> [WHAT YOU NEED TO DO]
Each record is to be printed again exactly, though not its pictures.

> [THE DATA]
▽

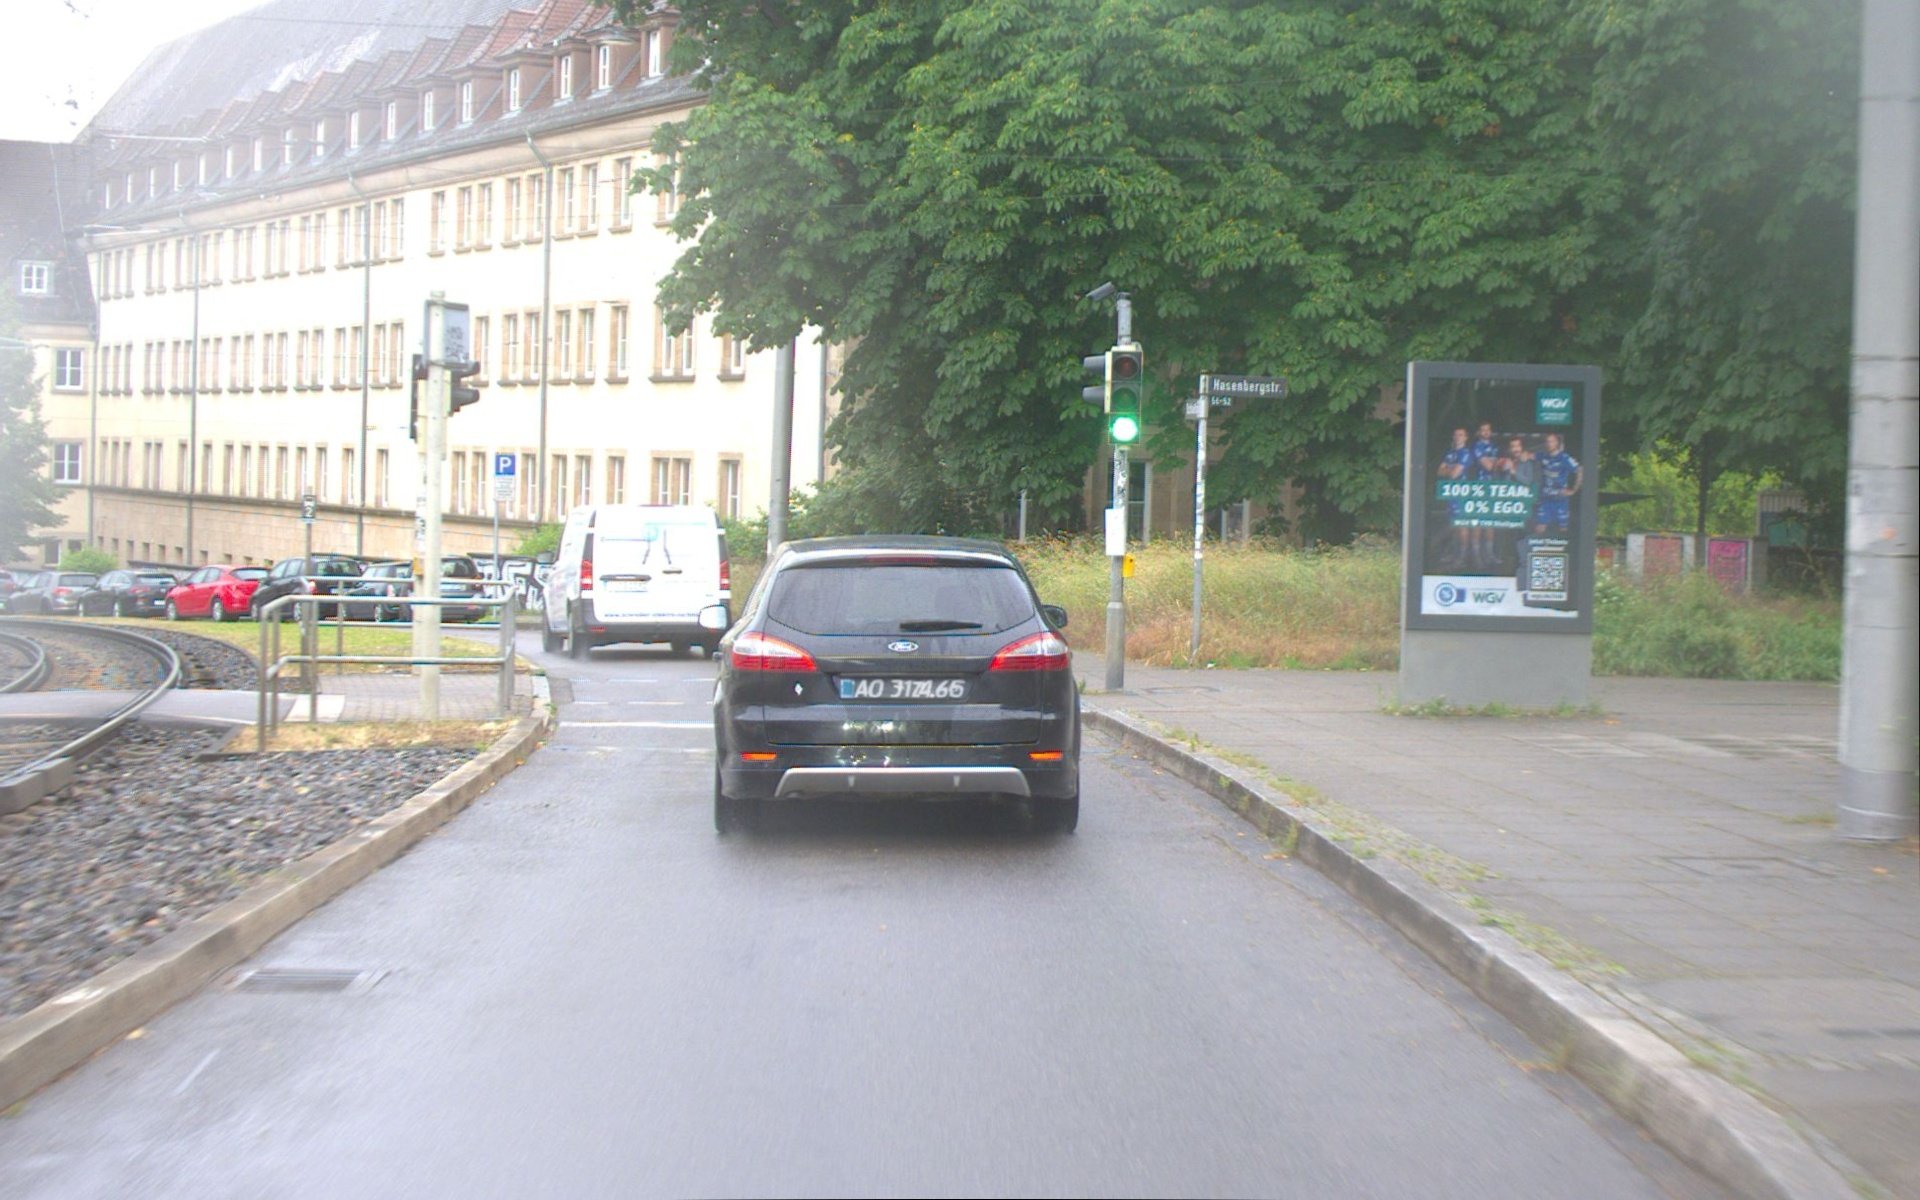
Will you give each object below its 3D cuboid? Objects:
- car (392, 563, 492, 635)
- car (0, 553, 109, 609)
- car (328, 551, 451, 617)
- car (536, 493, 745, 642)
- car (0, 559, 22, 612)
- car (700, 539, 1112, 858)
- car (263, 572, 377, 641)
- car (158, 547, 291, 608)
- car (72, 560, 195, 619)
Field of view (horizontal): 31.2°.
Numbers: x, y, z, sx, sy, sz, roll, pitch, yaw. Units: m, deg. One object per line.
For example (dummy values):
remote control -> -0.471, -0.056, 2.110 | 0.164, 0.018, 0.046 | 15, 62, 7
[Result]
car -> -11.008, -0.040, 72.979 | 1.597, 1.460, 2.721 | -1, 1, -19
car -> -25.225, -0.528, 95.370 | 1.666, 1.471, 4.108 | -2, 1, -36
car -> -12.736, -0.371, 76.604 | 1.536, 1.411, 3.644 | -2, 1, -29
car -> -4.010, -0.428, 42.555 | 2.136, 1.739, 4.219 | -1, 1, -11
car -> -28.797, -0.416, 100.020 | 1.666, 1.519, 4.108 | -2, 1, -34
car -> -0.271, 0.426, 18.088 | 1.920, 1.474, 4.000 | 0, 1, 0
car -> -15.224, 0.136, 81.637 | 1.665, 1.567, 3.856 | -2, 1, -26
car -> -18.491, -0.556, 86.312 | 1.666, 1.471, 4.065 | 1, 0, -38
car -> -21.784, -0.287, 90.515 | 1.666, 1.471, 4.457 | -2, 1, -34

△

> [RESULT OF THE EXERCISE]
Will you give each object below its 3D cuboid? Objects:
- car (392, 563, 492, 635)
- car (0, 553, 109, 609)
- car (328, 551, 451, 617)
- car (536, 493, 745, 642)
- car (0, 559, 22, 612)
- car (700, 539, 1112, 858)
- car (263, 572, 377, 641)
- car (158, 547, 291, 608)
- car (72, 560, 195, 619)
Field of view (horizontal): 31.2°.
Numbers: x, y, z, sx, sy, sz, roll, pitch, yaw. Units: m, deg. One object per line.
For example (dummy values):
remote control -> -0.471, -0.056, 2.110 | 0.164, 0.018, 0.046 | 15, 62, 7
[Result]
car -> -11.008, -0.040, 72.979 | 1.597, 1.460, 2.721 | -1, 1, -19
car -> -25.225, -0.528, 95.370 | 1.666, 1.471, 4.108 | -2, 1, -36
car -> -12.736, -0.371, 76.604 | 1.536, 1.411, 3.644 | -2, 1, -29
car -> -4.010, -0.428, 42.555 | 2.136, 1.739, 4.219 | -1, 1, -11
car -> -28.797, -0.416, 100.020 | 1.666, 1.519, 4.108 | -2, 1, -34
car -> -0.271, 0.426, 18.088 | 1.920, 1.474, 4.000 | 0, 1, 0
car -> -15.224, 0.136, 81.637 | 1.665, 1.567, 3.856 | -2, 1, -26
car -> -18.491, -0.556, 86.312 | 1.666, 1.471, 4.065 | 1, 0, -38
car -> -21.784, -0.287, 90.515 | 1.666, 1.471, 4.457 | -2, 1, -34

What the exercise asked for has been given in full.